## [GIVEN RECORDS]
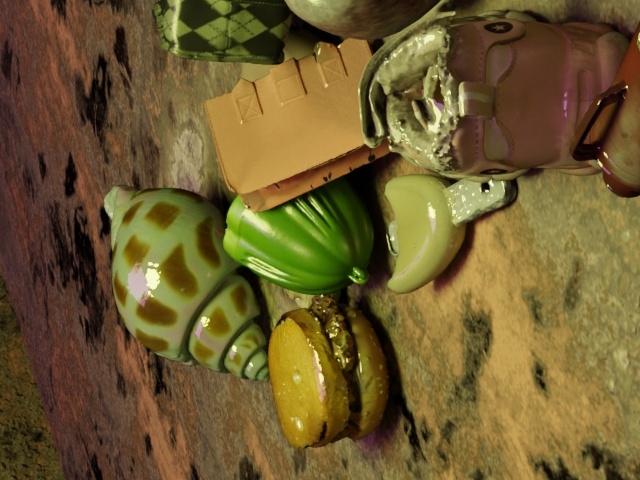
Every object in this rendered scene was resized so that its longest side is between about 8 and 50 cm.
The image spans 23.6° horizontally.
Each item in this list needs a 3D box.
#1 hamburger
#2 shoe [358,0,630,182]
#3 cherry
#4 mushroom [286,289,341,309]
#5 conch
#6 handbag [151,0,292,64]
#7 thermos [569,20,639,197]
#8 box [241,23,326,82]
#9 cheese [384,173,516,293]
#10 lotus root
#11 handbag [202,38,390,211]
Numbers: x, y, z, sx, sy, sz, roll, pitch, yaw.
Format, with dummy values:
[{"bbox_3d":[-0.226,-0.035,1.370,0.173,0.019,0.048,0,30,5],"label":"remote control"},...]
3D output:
[{"bbox_3d":[0.012,0.158,1.903,0.182,0.118,0.191,3,103,63],"label":"hamburger"},{"bbox_3d":[0.125,-0.143,1.435,0.351,0.198,0.171,1,91,64],"label":"shoe"},{"bbox_3d":[0.053,-0.306,1.559,0.213,0.184,0.266,-54,-12,-54],"label":"cherry"},{"bbox_3d":[-0.010,0.059,1.983,0.083,0.067,0.083,166,90,-71],"label":"mushroom"},{"bbox_3d":[-0.197,0.061,2.266,0.249,0.197,0.368,26,-135,-74],"label":"conch"},{"bbox_3d":[-0.100,-0.441,1.833,0.316,0.180,0.416,-115,33,-70],"label":"handbag"},{"bbox_3d":[0.269,-0.107,1.226,0.232,0.124,0.099,105,151,-56],"label":"thermos"},{"bbox_3d":[-0.037,-0.198,1.937,0.200,0.088,0.146,-141,48,-59],"label":"box"},{"bbox_3d":[0.135,-0.028,1.644,0.235,0.050,0.127,-28,70,58],"label":"cheese"},{"bbox_3d":[0.000,0.000,1.853,0.186,0.186,0.186,172,90,-67],"label":"lotus root"},{"bbox_3d":[-0.020,-0.140,1.785,0.059,0.212,0.157,48,-160,-61],"label":"handbag"}]

## [REQUIRED WORK]
Print out all the material word for word but exclude any images.

## [ANSWER TO THIS PROBLEM]
Every object in this rendered scene was resized so that its longest side is between about 8 and 50 cm.
The image spans 23.6° horizontally.
Each item in this list needs a 3D box.
#1 hamburger
#2 shoe [358,0,630,182]
#3 cherry
#4 mushroom [286,289,341,309]
#5 conch
#6 handbag [151,0,292,64]
#7 thermos [569,20,639,197]
#8 box [241,23,326,82]
#9 cheese [384,173,516,293]
#10 lotus root
#11 handbag [202,38,390,211]
Numbers: x, y, z, sx, sy, sz, roll, pitch, yaw.
Format, with dummy values:
[{"bbox_3d":[-0.226,-0.035,1.370,0.173,0.019,0.048,0,30,5],"label":"remote control"},...]
3D output:
[{"bbox_3d":[0.012,0.158,1.903,0.182,0.118,0.191,3,103,63],"label":"hamburger"},{"bbox_3d":[0.125,-0.143,1.435,0.351,0.198,0.171,1,91,64],"label":"shoe"},{"bbox_3d":[0.053,-0.306,1.559,0.213,0.184,0.266,-54,-12,-54],"label":"cherry"},{"bbox_3d":[-0.010,0.059,1.983,0.083,0.067,0.083,166,90,-71],"label":"mushroom"},{"bbox_3d":[-0.197,0.061,2.266,0.249,0.197,0.368,26,-135,-74],"label":"conch"},{"bbox_3d":[-0.100,-0.441,1.833,0.316,0.180,0.416,-115,33,-70],"label":"handbag"},{"bbox_3d":[0.269,-0.107,1.226,0.232,0.124,0.099,105,151,-56],"label":"thermos"},{"bbox_3d":[-0.037,-0.198,1.937,0.200,0.088,0.146,-141,48,-59],"label":"box"},{"bbox_3d":[0.135,-0.028,1.644,0.235,0.050,0.127,-28,70,58],"label":"cheese"},{"bbox_3d":[0.000,0.000,1.853,0.186,0.186,0.186,172,90,-67],"label":"lotus root"},{"bbox_3d":[-0.020,-0.140,1.785,0.059,0.212,0.157,48,-160,-61],"label":"handbag"}]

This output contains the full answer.